### WHAT THIS TASK INVOLVES
Give the lines below again, exactly as they stand, and leave out the images.

******************************

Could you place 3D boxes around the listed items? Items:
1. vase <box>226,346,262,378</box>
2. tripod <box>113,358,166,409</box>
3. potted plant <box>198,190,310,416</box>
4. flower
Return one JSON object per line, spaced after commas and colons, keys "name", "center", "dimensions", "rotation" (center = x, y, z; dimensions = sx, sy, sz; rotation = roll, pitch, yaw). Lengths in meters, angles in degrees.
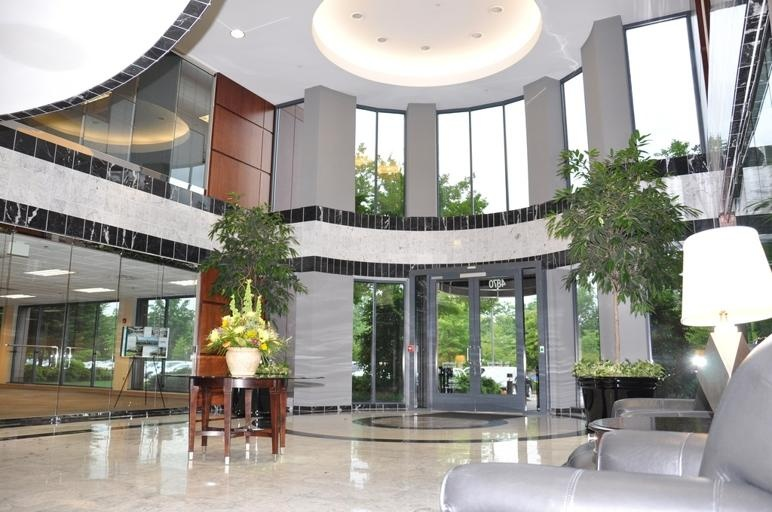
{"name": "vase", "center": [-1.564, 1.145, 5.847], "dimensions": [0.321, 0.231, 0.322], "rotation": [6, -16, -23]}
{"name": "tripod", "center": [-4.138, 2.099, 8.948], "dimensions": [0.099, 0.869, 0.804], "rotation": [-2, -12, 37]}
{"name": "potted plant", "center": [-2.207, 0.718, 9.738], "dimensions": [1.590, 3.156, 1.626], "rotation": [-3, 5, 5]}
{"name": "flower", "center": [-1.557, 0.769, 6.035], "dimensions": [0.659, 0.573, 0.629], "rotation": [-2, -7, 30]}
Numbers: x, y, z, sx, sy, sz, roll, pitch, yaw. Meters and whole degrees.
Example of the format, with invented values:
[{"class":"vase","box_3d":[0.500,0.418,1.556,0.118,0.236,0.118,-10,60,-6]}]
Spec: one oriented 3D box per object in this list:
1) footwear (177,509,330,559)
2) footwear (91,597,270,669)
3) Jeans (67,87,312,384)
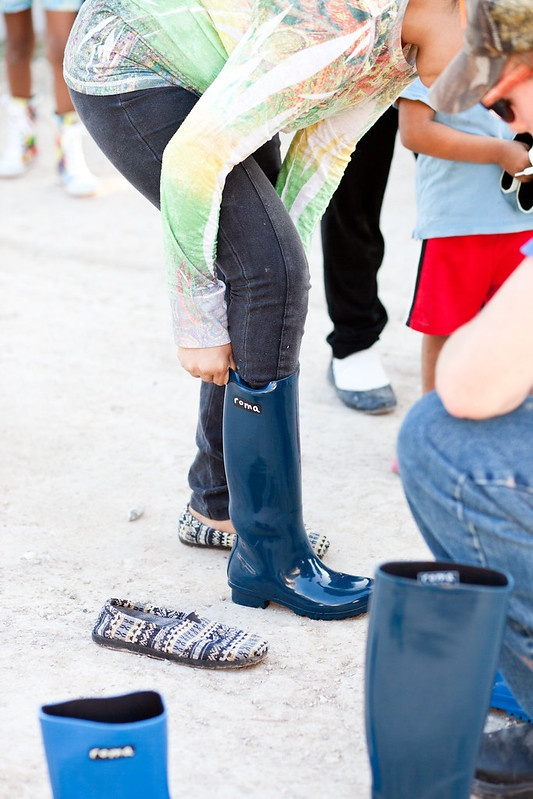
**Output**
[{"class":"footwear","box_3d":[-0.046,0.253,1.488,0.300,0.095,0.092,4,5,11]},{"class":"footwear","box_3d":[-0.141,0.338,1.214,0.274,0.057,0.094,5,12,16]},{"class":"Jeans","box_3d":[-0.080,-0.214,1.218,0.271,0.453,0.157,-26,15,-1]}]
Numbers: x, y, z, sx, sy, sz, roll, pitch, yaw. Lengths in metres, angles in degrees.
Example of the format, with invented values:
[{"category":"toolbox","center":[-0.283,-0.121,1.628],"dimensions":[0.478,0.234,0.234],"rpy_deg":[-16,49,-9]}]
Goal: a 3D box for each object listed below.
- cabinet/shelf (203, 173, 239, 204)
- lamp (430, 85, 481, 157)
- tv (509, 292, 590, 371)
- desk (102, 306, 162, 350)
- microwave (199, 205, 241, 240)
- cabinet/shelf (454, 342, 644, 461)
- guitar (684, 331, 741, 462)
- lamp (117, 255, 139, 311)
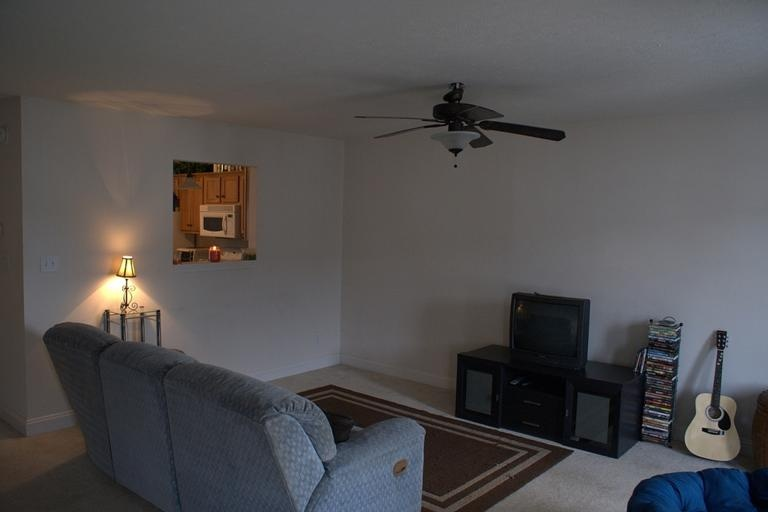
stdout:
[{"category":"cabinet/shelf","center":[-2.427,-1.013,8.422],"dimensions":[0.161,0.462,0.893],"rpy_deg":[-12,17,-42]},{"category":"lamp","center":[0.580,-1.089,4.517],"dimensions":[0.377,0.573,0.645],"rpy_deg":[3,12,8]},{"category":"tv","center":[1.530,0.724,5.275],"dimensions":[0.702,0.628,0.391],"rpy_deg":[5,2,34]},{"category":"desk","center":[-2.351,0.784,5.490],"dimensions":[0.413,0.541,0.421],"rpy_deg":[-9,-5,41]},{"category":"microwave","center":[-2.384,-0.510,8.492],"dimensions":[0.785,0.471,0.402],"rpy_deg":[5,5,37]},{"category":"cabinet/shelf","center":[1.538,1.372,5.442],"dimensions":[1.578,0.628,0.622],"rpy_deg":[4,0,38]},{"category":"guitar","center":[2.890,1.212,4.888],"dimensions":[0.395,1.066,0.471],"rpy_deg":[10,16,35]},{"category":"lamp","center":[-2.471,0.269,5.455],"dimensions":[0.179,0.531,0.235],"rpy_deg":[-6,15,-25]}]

******************************

### ANSWER SPACE
Could you place 3D boxes around the listed items? Items:
1. vase <box>226,346,262,378</box>
2. tripod <box>113,358,166,409</box>
3. potted plant <box>198,190,310,416</box>
4. flower
Return one JSON object per line, spaced after commas and colons, keys "name", "center", "dimensions", "rotation" (center = x, y, z; dimensions = sx, sy, sz; rotation = roll, pitch, yaw). Lengths in meters, angles in degrees.
{"name": "vase", "center": [-1.564, 1.145, 5.847], "dimensions": [0.321, 0.231, 0.322], "rotation": [6, -16, -23]}
{"name": "tripod", "center": [-4.138, 2.099, 8.948], "dimensions": [0.099, 0.869, 0.804], "rotation": [-2, -12, 37]}
{"name": "potted plant", "center": [-2.207, 0.718, 9.738], "dimensions": [1.590, 3.156, 1.626], "rotation": [-3, 5, 5]}
{"name": "flower", "center": [-1.557, 0.769, 6.035], "dimensions": [0.659, 0.573, 0.629], "rotation": [-2, -7, 30]}
Numbers: x, y, z, sx, sy, sz, roll, pitch, yaw. Meters and whole degrees.
Example of the format, with invented values:
[{"class":"vase","box_3d":[0.500,0.418,1.556,0.118,0.236,0.118,-10,60,-6]}]
Spec: one oriented 3D box per object in this list:
1) footwear (177,509,330,559)
2) footwear (91,597,270,669)
3) Jeans (67,87,312,384)
**Output**
[{"class":"footwear","box_3d":[-0.046,0.253,1.488,0.300,0.095,0.092,4,5,11]},{"class":"footwear","box_3d":[-0.141,0.338,1.214,0.274,0.057,0.094,5,12,16]},{"class":"Jeans","box_3d":[-0.080,-0.214,1.218,0.271,0.453,0.157,-26,15,-1]}]
Numbers: x, y, z, sx, sy, sz, roll, pitch, yaw. Lengths in metres, angles in degrees.
Example of the format, with invented values:
[{"category":"toolbox","center":[-0.283,-0.121,1.628],"dimensions":[0.478,0.234,0.234],"rpy_deg":[-16,49,-9]}]
Goal: a 3D box for each object listed below.
- cabinet/shelf (203, 173, 239, 204)
- lamp (430, 85, 481, 157)
- tv (509, 292, 590, 371)
- desk (102, 306, 162, 350)
- microwave (199, 205, 241, 240)
- cabinet/shelf (454, 342, 644, 461)
- guitar (684, 331, 741, 462)
- lamp (117, 255, 139, 311)
stdout:
[{"category":"cabinet/shelf","center":[-2.427,-1.013,8.422],"dimensions":[0.161,0.462,0.893],"rpy_deg":[-12,17,-42]},{"category":"lamp","center":[0.580,-1.089,4.517],"dimensions":[0.377,0.573,0.645],"rpy_deg":[3,12,8]},{"category":"tv","center":[1.530,0.724,5.275],"dimensions":[0.702,0.628,0.391],"rpy_deg":[5,2,34]},{"category":"desk","center":[-2.351,0.784,5.490],"dimensions":[0.413,0.541,0.421],"rpy_deg":[-9,-5,41]},{"category":"microwave","center":[-2.384,-0.510,8.492],"dimensions":[0.785,0.471,0.402],"rpy_deg":[5,5,37]},{"category":"cabinet/shelf","center":[1.538,1.372,5.442],"dimensions":[1.578,0.628,0.622],"rpy_deg":[4,0,38]},{"category":"guitar","center":[2.890,1.212,4.888],"dimensions":[0.395,1.066,0.471],"rpy_deg":[10,16,35]},{"category":"lamp","center":[-2.471,0.269,5.455],"dimensions":[0.179,0.531,0.235],"rpy_deg":[-6,15,-25]}]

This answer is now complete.